Как и Лёле, ему тоже было жарко, и это ускорило нашу встречу. Вот именно, окно.

Когда я спустилась с подоконника, он ещё не подозревал, что его судный день настал. Кухню озарял свет из холодильника, а из-за дверцы торчал зад, обтянутый тренировочными штанами. Если вы думаете, что маньяки каждую ночь (или день, у кого как) рыщут в поисках жертвы, то ошибаетесь. Нет. Далеко не каждую.

Вот и наш маньяк сегодня вечером был дома и собирался выпить пива. В комнате работал телевизор. Да, маньяки тоже пьют пиво и смотрят телевизор. Почему бы нет?

Вынырнув из холодильника с очередной банкой в одной руке и упаковкой каких-то морепродуктов в другой, он увидел меня и застыл. Вы хотите знать, как его звали? А зачем вам его имя? Я не помню, честно. Да если бы и помнила, то не стала бы называть. К чему ему теперь слава? Впрочем, чтобы не повторять всё время «он», назовём его условно Васей.

Пряди редких засаленных волос прилипли к его блестящему от пота лбу, подбородок потемнел от щетины, а глаза напоминали два куска холодца — такие же мёртвые и студенистые, только вместо мясных волокон в них застыли отнятые им жизни. Вот так он и жил — со студнем из жизней в глазах. Каждый день Вася смотрел ими на людей, но люди ничего не видели и не знали, кто едет рядом с ними в автобусе и вежливо передаёт деньги на билет, стоит следом в очереди в кассу в супермаркете или улыбается, глядя на очаровательного пухлого младенчика («Сколько ему? Ух ты, уже восемь месяцев! Скоро ходить начнёт!»). Вася был как все, со среднестатистическим лицом, фигурой и одеждой. И это делало его невидимкой.

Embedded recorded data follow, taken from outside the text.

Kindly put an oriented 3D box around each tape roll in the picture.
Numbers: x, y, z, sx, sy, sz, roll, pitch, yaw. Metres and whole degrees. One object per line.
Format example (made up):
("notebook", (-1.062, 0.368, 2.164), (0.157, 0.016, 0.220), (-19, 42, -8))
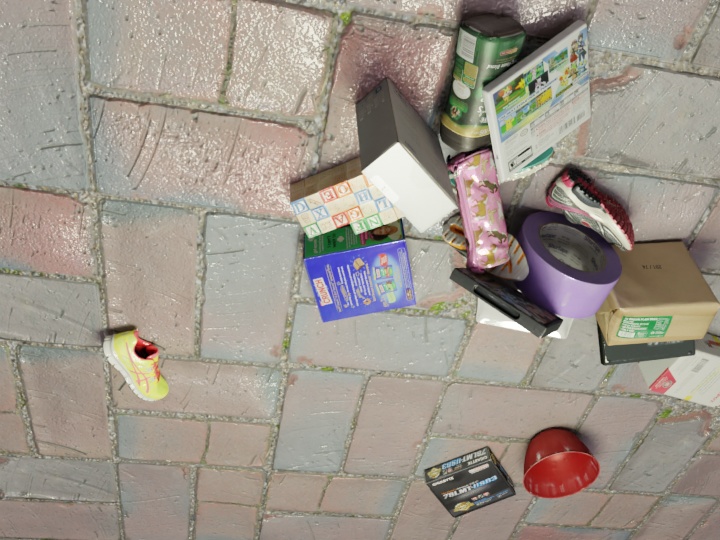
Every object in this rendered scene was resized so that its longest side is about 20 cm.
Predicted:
("tape roll", (0.376, -0.013, 1.262), (0.194, 0.203, 0.086), (10, 130, -13))

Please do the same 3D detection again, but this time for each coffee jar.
("coffee jar", (0.189, -0.292, 1.079), (0.103, 0.085, 0.204), (-25, 140, -33))

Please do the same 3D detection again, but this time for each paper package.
("paper package", (0.561, 0.042, 1.328), (0.194, 0.193, 0.105), (-2, 131, -1))

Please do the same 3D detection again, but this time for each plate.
("plate", (0.335, 0.072, 1.379), (0.194, 0.033, 0.201), (10, 154, 13))

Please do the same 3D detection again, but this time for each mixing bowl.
("mixing bowl", (0.502, 0.482, 1.743), (0.194, 0.110, 0.204), (-2, 130, -2))

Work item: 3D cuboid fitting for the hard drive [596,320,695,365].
("hard drive", (0.607, 0.121, 1.451), (0.194, 0.033, 0.144), (-6, 91, 1))

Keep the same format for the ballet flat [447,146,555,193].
("ballet flat", (0.246, -0.184, 1.210), (0.195, 0.073, 0.073), (-15, 130, 11))

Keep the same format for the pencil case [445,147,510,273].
("pencil case", (0.201, -0.102, 1.150), (0.084, 0.083, 0.205), (-14, 103, 0))

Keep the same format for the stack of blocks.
("stack of blocks", (-0.017, -0.129, 1.227), (0.195, 0.059, 0.116), (-19, 129, 11))

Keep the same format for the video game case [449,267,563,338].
("video game case", (0.259, 0.052, 1.186), (0.026, 0.179, 0.199), (-60, 159, 12))

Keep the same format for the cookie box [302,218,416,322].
("cookie box", (0.000, 0.000, 1.325), (0.194, 0.076, 0.174), (-10, 130, 4))

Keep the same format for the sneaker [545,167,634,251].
("sneaker", (0.435, -0.106, 1.269), (0.199, 0.081, 0.075), (39, 131, -10))

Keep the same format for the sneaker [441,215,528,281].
("sneaker", (0.239, -0.035, 1.259), (0.079, 0.199, 0.077), (-48, 136, -2))

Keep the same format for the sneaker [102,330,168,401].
("sneaker", (-0.463, 0.205, 1.460), (0.088, 0.079, 0.202), (-24, 130, 6))

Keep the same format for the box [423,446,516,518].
("box", (0.299, 0.580, 1.850), (0.196, 0.050, 0.200), (-25, 128, 15))

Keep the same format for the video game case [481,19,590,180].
("video game case", (0.288, -0.268, 1.092), (0.198, 0.022, 0.184), (-35, 138, -9))

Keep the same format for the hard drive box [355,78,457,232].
("hard drive box", (0.070, -0.188, 1.092), (0.076, 0.203, 0.155), (-34, 125, 23))

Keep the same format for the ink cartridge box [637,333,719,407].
("ink cartridge box", (0.770, 0.221, 1.563), (0.195, 0.084, 0.147), (16, 126, -16))
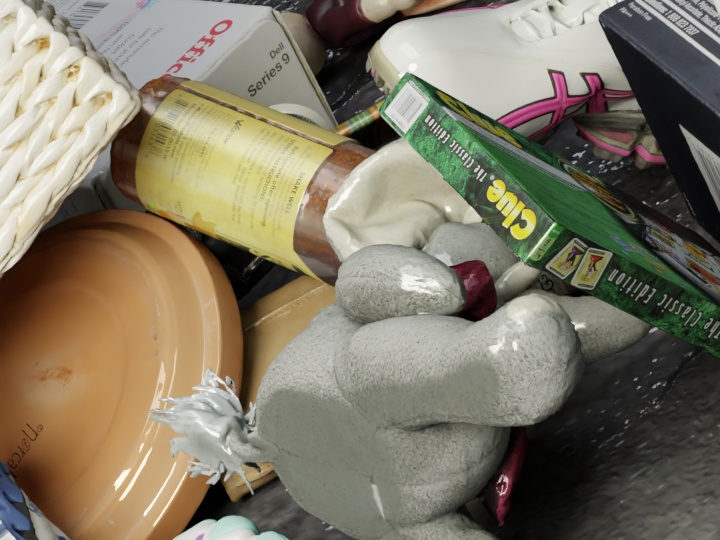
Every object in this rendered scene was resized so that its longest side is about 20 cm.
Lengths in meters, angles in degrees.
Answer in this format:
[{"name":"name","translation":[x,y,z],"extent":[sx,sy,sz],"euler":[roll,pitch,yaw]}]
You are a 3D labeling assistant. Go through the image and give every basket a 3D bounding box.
[{"name":"basket","translation":[-0.212,-0.061,1.241],"extent":[0.200,0.161,0.198],"euler":[-52,10,1]}]

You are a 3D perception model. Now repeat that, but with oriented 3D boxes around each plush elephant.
[{"name":"plush elephant","translation":[0.039,0.038,1.113],"extent":[0.200,0.165,0.155],"euler":[9,38,36]}]

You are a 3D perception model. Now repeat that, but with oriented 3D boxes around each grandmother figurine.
[{"name":"grandmother figurine","translation":[0.016,-0.148,1.528],"extent":[0.200,0.061,0.121],"euler":[-28,2,7]}]

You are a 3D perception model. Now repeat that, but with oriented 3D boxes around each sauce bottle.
[{"name":"sauce bottle","translation":[-0.016,-0.027,1.243],"extent":[0.200,0.066,0.066],"euler":[24,56,30]}]

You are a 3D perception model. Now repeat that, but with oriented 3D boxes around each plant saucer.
[{"name":"plant saucer","translation":[-0.138,0.063,1.275],"extent":[0.200,0.032,0.201],"euler":[-22,54,33]}]

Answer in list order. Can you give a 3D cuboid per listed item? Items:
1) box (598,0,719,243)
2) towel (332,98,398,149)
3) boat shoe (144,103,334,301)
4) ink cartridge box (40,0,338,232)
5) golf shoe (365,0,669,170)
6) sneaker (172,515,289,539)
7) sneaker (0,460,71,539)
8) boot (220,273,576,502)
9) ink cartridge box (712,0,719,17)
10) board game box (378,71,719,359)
[{"name":"box","translation":[0.236,-0.077,1.160],"extent":[0.198,0.123,0.200],"euler":[-31,29,-3]},{"name":"towel","translation":[0.047,-0.090,1.408],"extent":[0.200,0.018,0.086],"euler":[-29,-2,-1]},{"name":"boat shoe","translation":[-0.083,0.005,1.335],"extent":[0.200,0.072,0.068],"euler":[-43,24,13]},{"name":"ink cartridge box","translation":[-0.133,-0.070,1.499],"extent":[0.200,0.088,0.145],"euler":[8,47,49]},{"name":"golf shoe","translation":[0.087,-0.099,1.252],"extent":[0.073,0.200,0.092],"euler":[51,125,33]},{"name":"sneaker","translation":[-0.053,0.174,1.073],"extent":[0.140,0.078,0.200],"euler":[-41,32,-20]},{"name":"sneaker","translation":[-0.128,0.150,1.147],"extent":[0.081,0.115,0.200],"euler":[-35,45,9]},{"name":"boot","translation":[0.000,0.000,1.305],"extent":[0.200,0.066,0.175],"euler":[-30,30,0]},{"name":"ink cartridge box","translation":[0.197,-0.159,1.131],"extent":[0.117,0.067,0.200],"euler":[-13,32,26]},{"name":"board game box","translation":[0.100,-0.009,1.093],"extent":[0.023,0.200,0.105],"euler":[-51,47,13]}]

Он не отличался мощным телосложением, да ему это было и не нужно: он выбирал жертв гораздо слабее себя — таких, как сестра Лёли. Он весил семьдесят пять килограммов, а она — сорок пять. Впрочем, дело в конечном счёте, конечно, не в весе: когда мы с Васей стояли лицом к лицу на кухне, разница была что-то около двадцати пяти килограммов в его пользу, но это не дало ему никаких преимуществ. Исход нашей встречи вам известен.

Нож был тупой, увы. Видимо, Вася не имел привычки поддерживать кухонную утварь в рабочем состоянии — точить, время от времени покупать новую и так далее. Этим ножом нельзя было толком даже селёдке голову отрезать, не то что человеку. Ни пилы, ни топора в хозяйстве у этого товарища не нашлось — ну, не любил он, видно, режущие предметы, отдавая предпочтение тупым и тяжёлым. Но прежде чем испытать на себе отвратительное качество собственного кухонного инвентаря, Вася оценил отличное качество моих кулаков, а также зубов. Когда костяшки моих пальцев встретились с его глазницей, раздался характерный хруст: треснули лицевые кости. От удара Вася отлетел, стукнулся затылком о дверцу холодильника, сполз на пол и затих.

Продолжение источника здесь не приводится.